Items listed in a dataset
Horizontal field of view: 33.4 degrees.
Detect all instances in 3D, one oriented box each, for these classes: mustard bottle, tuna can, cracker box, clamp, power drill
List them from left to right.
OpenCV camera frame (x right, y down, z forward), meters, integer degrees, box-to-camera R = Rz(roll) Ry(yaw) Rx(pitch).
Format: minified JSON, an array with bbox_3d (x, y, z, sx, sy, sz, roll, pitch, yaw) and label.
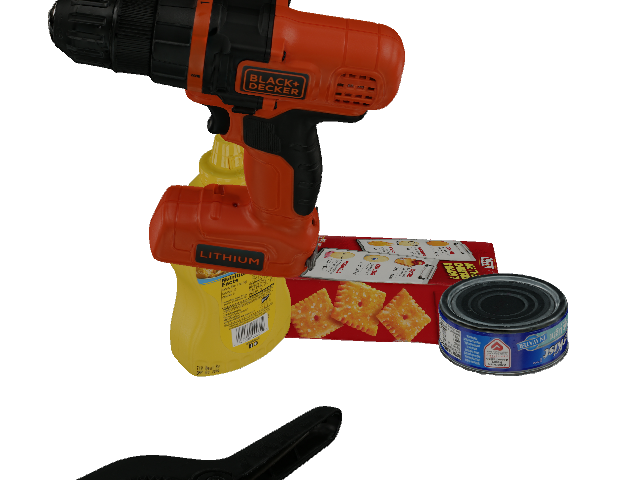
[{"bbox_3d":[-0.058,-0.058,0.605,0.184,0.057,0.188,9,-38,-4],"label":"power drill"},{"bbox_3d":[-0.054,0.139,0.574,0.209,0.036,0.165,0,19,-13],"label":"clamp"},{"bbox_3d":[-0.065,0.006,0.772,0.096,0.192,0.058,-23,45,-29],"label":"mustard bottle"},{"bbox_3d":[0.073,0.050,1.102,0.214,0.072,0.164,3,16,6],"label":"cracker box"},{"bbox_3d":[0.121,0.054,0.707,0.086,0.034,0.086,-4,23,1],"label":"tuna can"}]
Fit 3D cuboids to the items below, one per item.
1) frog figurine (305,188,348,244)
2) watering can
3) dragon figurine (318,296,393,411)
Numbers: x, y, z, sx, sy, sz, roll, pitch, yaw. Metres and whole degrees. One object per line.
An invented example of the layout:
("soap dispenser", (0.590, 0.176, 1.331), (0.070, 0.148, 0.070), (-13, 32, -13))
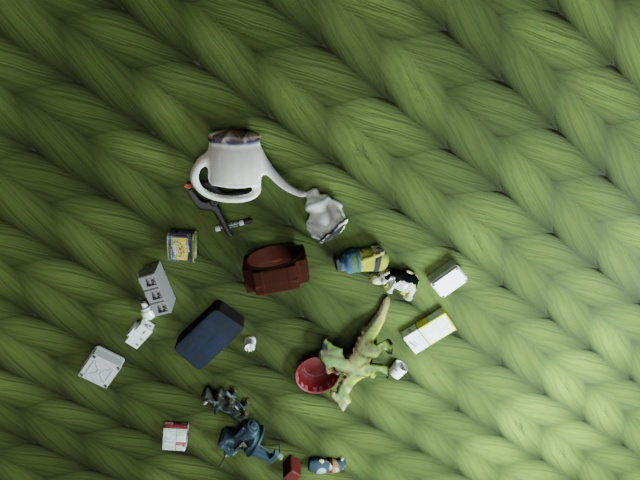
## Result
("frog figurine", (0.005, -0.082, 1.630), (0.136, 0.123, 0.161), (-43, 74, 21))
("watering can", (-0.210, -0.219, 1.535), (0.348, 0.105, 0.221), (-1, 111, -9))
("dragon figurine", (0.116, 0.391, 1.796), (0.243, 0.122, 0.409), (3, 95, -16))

---

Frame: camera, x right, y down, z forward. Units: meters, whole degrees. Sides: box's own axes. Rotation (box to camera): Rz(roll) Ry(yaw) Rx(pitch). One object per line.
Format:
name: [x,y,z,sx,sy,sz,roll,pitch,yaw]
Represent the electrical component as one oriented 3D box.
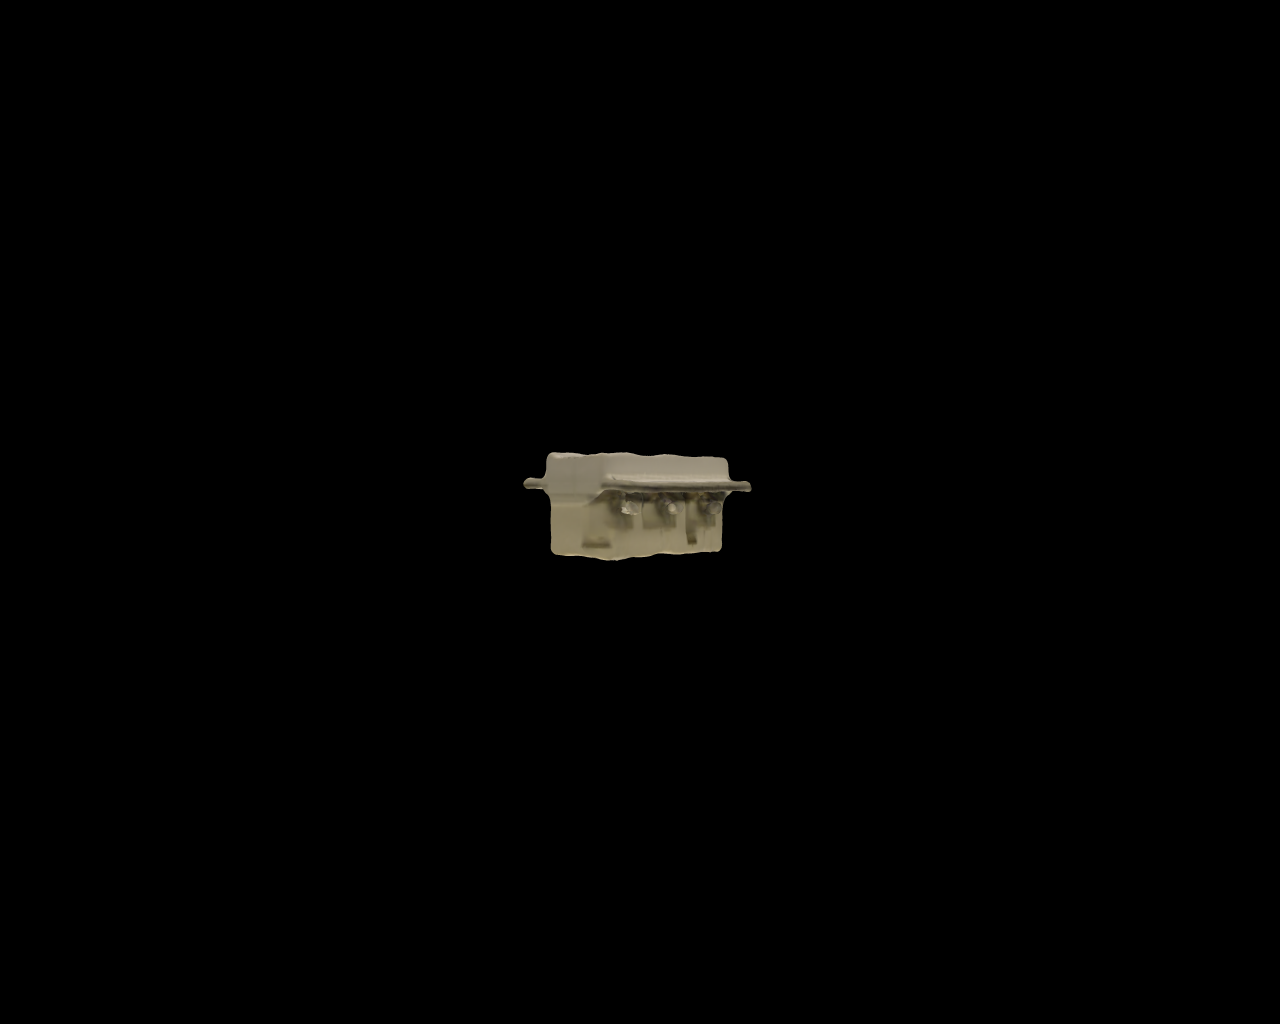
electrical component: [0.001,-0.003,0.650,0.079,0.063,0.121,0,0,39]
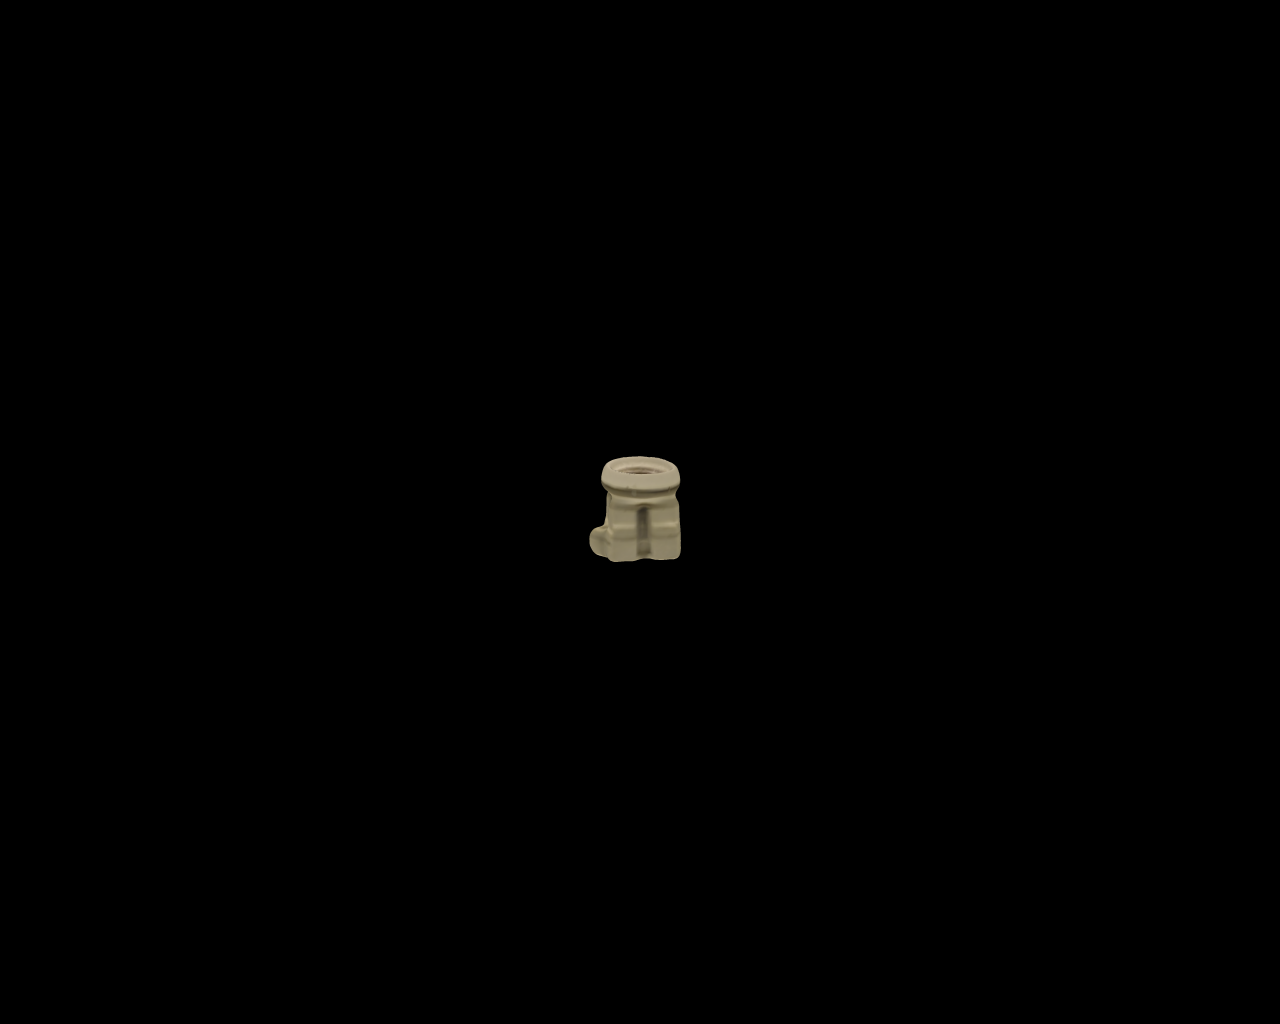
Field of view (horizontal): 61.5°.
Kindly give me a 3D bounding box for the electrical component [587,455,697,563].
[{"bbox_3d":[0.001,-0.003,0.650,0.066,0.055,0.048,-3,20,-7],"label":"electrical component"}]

* _Exercise directions_
Within the data above, the lines from the one with "1) frog figurine (305,188,348,244)" to the one with "An invented example" must be repeated exactly; no other line belongs in the answer.

* _Output_
1) frog figurine (305,188,348,244)
2) watering can
3) dragon figurine (318,296,393,411)
Numbers: x, y, z, sx, sy, sz, roll, pitch, yaw. Metres and whole degrees. One object per line.
An invented example of the layout:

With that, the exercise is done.